ICO under fire for taking limited action over serious data breaches

Reprimand details

In the case of the MoJ, the ICO said the confidential information – which included medical data of prisoners and security vetting details of staff – was left unsecure for a total of 18 days.

During this time, the information was “potentially viewed” by 44 people, including an undisclosed number of prisoners who were observed “openly reading the documents” by staff.

“As a result, the risks to individuals in the prison would be significant and include potential identification within the prison or outside in the wider community,” it said. “There would also be a significant risk of intimidation by other prisoners. Outside of the individuals incarcerated, there is also the risk of unwarranted attention of family members if identified.”

In both cases, the ICO noted there was a lack of awareness among staff around how sensitive information should be handled, adding that while each organisation has training, policies and processes in place to ensure the security of data, there is nothing to suggest these were being followed.

“Sensitive personal information relating to crimes needs to be handled with great care.

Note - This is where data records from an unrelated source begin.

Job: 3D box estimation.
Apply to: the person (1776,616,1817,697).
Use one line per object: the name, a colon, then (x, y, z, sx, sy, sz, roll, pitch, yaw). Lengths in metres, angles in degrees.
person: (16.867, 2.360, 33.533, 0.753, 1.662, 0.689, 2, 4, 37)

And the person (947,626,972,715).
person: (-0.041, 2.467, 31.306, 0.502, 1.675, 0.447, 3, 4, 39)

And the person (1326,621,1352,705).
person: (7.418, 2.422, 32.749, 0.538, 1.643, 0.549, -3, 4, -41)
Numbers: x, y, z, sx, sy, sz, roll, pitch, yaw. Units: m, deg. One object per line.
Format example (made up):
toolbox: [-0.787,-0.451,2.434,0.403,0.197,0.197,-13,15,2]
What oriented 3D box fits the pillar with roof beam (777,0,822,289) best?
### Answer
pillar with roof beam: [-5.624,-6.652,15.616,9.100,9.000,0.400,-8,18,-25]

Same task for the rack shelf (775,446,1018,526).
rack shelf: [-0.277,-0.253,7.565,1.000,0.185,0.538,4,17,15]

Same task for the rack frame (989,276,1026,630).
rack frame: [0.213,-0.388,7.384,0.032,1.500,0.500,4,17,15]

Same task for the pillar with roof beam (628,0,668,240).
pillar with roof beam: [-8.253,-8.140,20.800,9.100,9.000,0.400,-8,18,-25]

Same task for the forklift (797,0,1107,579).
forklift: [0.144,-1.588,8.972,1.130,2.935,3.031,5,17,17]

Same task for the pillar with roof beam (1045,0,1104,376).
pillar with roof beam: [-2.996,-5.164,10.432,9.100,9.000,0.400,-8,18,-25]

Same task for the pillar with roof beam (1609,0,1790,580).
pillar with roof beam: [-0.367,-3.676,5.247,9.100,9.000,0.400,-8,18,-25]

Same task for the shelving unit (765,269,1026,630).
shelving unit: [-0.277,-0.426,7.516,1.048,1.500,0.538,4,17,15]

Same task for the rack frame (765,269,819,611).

This case shows the impact on vulnerable people if that’s not done,” said the ICO’s head of investigations, Natasha Longson, in relation to the TVP reprimand.

“Our enforcement action in this case should act as a warning to other organisations that they must take sensible steps to protect people’s personal details.”

Steve Eckersley, ICO director of investigations, said that in the context of the MoJ breach, exposure of personal information could potentially have serious consequences: “Whether documents are consigned to waste or not, they must be handled securely and responsibly, and we expect both the prison and the MoJ to continue to take steps to improve practices to ensure people are protected.”

To ensure compliance with data protection laws, the ICO has recommended that TVP provide training to all staff responsible for redactions and disclosures, share updates to policies or processes as soon as they are available, and continuously review policies and guidance on the handling of personal data.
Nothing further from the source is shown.